I stuck that in /usr/bin (so it’s in my path), and now I can cd to any directory containing a movie file and do ./movieconvert.sh and everything then just happens automatically. Sure enough, the Panasonic can play the MP4s just fine, too.
So we settle down for the evening to watch one of the movies I’d converted into MP4, and all was going swimmingly. Until suddenly a pop-up appeared informing me that a scheduled TV recording was about to start and therefore the DLNA connection would have to be terminated. What??? Yup. It turns out that you can’t record a program in the background whilst watching a film over the network. Which makes this particular Panasonic a piece of crapola that got taken back to the store that sold it the very next day. Happily, a full refund was received with not too many questions asked.
So what am I using now? Funnily enough, exactly the same kit that the Windows Media Center originally replaced: a Western Digital WD TV Live, which does movies and music very well, using plain old Samba shares to which it connects without drama.

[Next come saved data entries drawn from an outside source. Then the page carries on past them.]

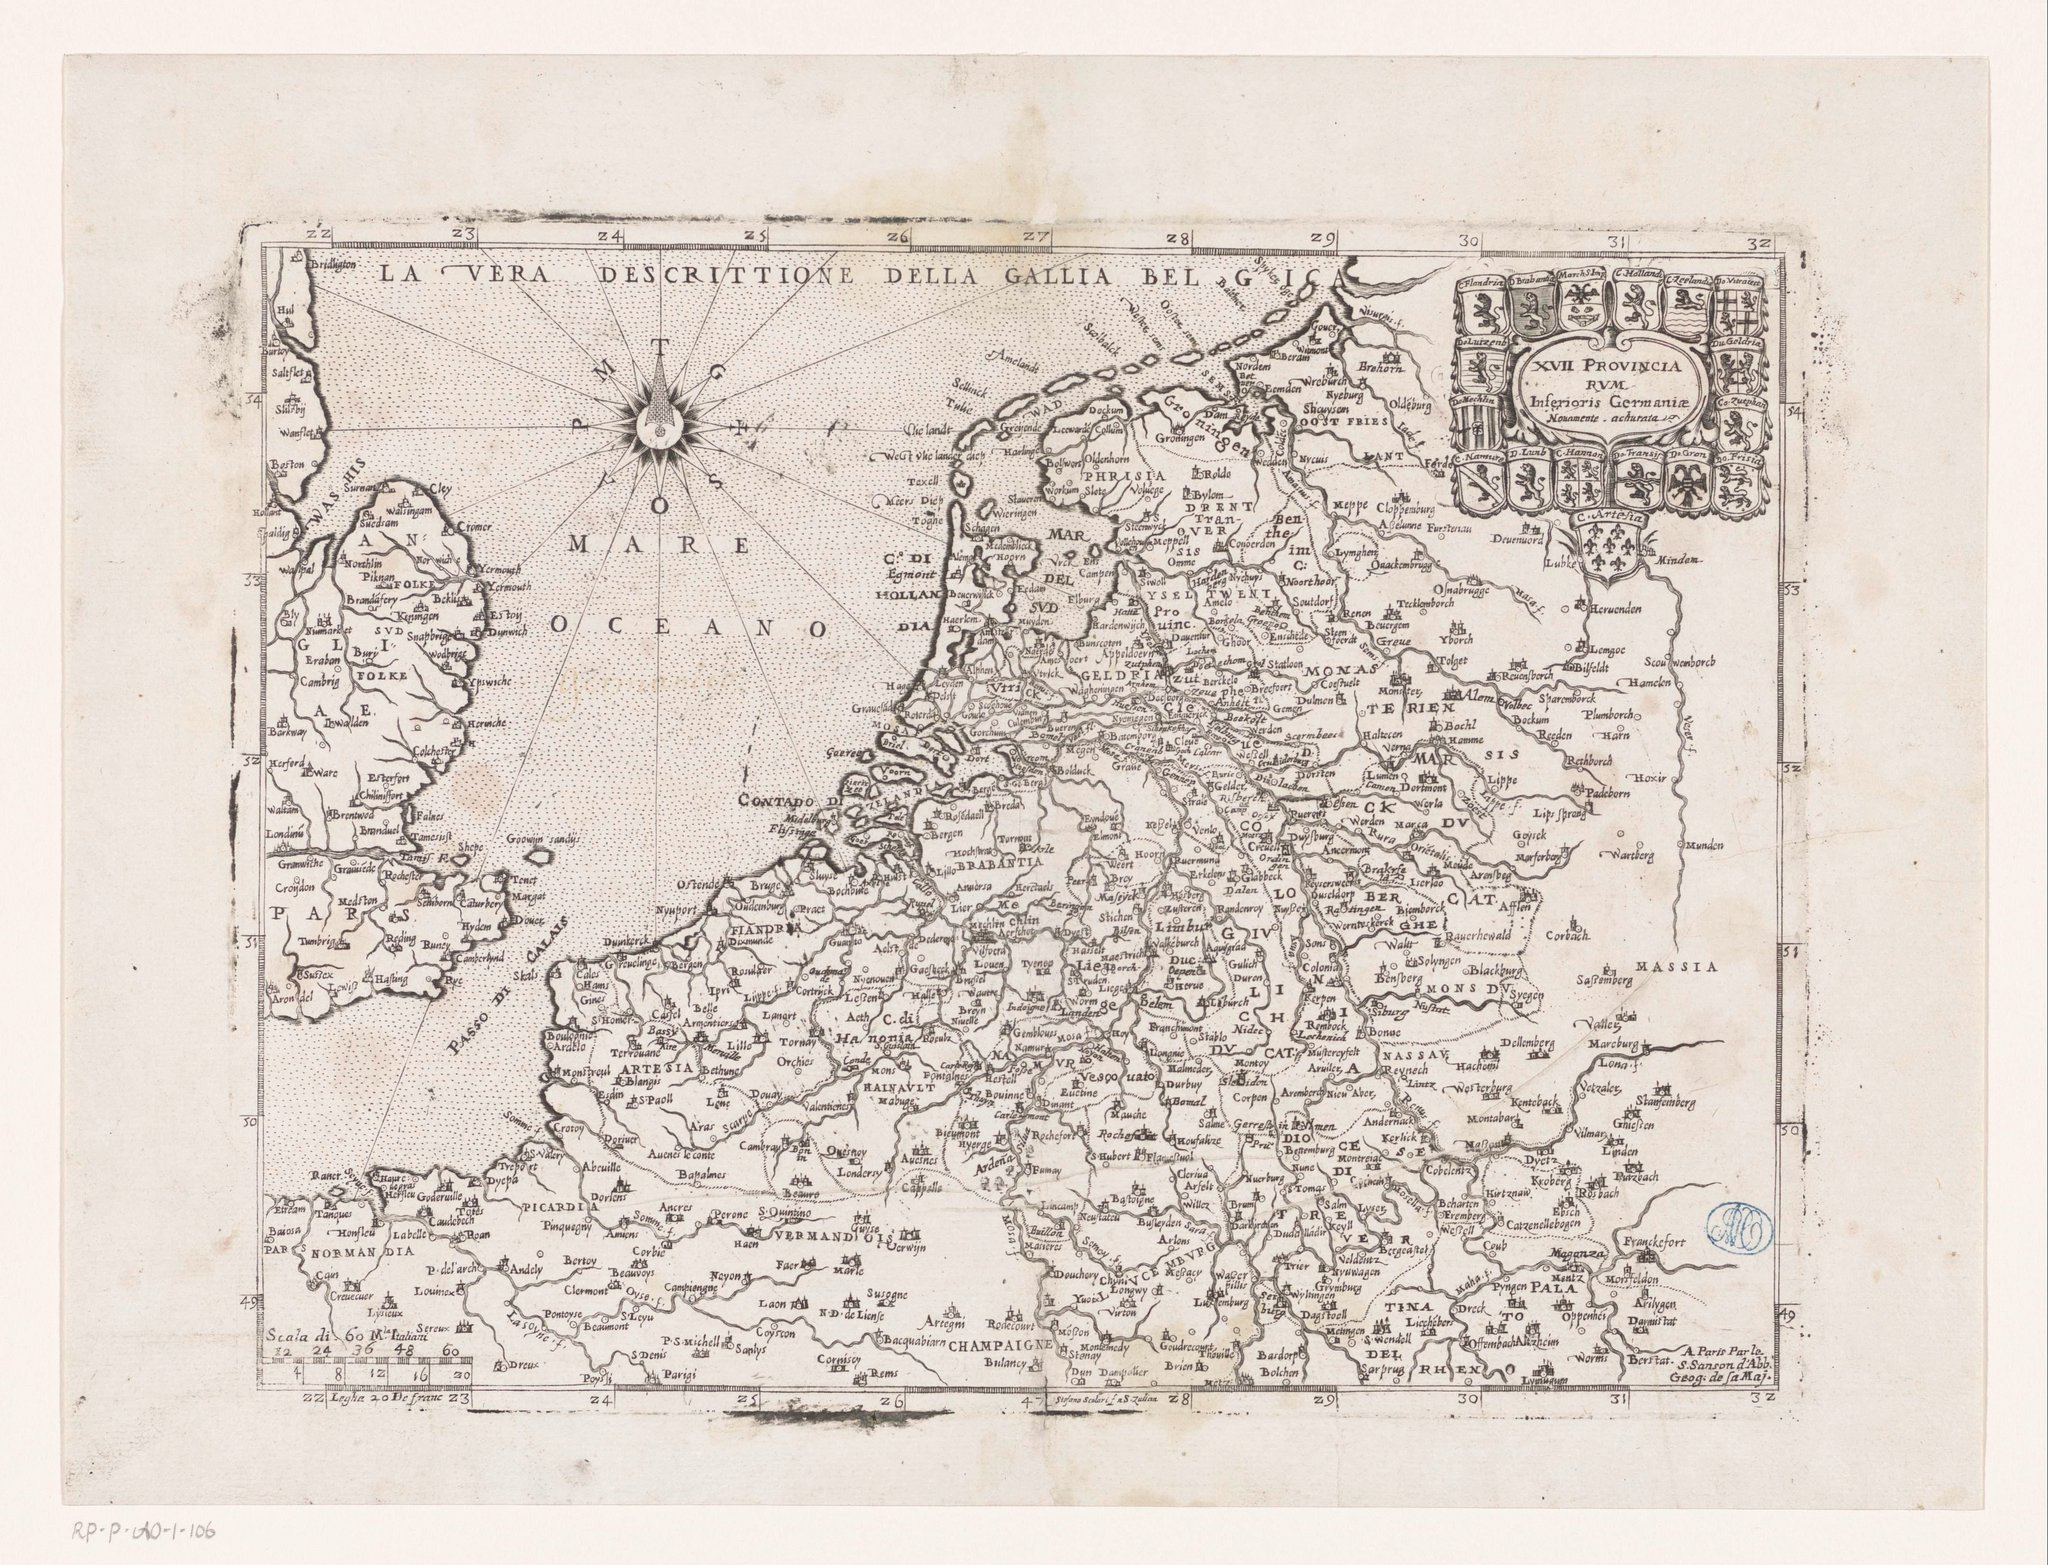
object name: print
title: Kaart van de Zeventien Provinciën
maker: stefano scolari
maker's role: print maker, printer, publisher
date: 1560-1565
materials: paper
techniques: engraving
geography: venice
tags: coat of arms (as symbol of the state, etc.), maps of separate countries or regions, low countries
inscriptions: collector's mark: Lugt 195
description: Rechtsboven titelcartouche met daaromheen de wapens van de Zeventien Provinciën. Linksonder twee schaalstokken: Scala di 60 Mla Italiatti, Leghe 20 de Franc. Gradenverdeling langs de randen.

And for the live and recorded TV, a relatively ancient Topfield TF-7100 (now about 4 years old, upgraded by yours truly to a 500GB hard disk some years ago, still going strong).
The only pain points in going back to this arrangement are that it would require 4 remote controls (WD TV LIve, the TV, the receiver/amplifier and the Topfield). Happily, a Logitech Harmony all-in-one remote control takes care of that. Which leaves just one real pain-point: the TV listings in Windows Media Center are clear and speedy to navigate. The Topfield equivalent is hopeless, displaying just one channel at a time and taking an age to load or move through. A many-channels-at-a-glance view would be good, but no such beast exists. Not even the paid-for ICE TV gives what is needed. For the moment, I have no answer to this one, then.
Whether we persist with this retro setup, I can’t say. However, I can say that the Panasonic DMR-HW220 is completely hopeless -and, indeed, that anything relying on DLNA is not something I’ll be letting into my house again any time soon! I am really surprised that there isn’t a single box which can do dual-channel live TV, multi-channel recording, Samba connections, MKV and FLAC playback, with a decent, synoptic program guide. But as far as I can tell, there simply isn’t: and that seems a curious gap in the market at this stage of the game!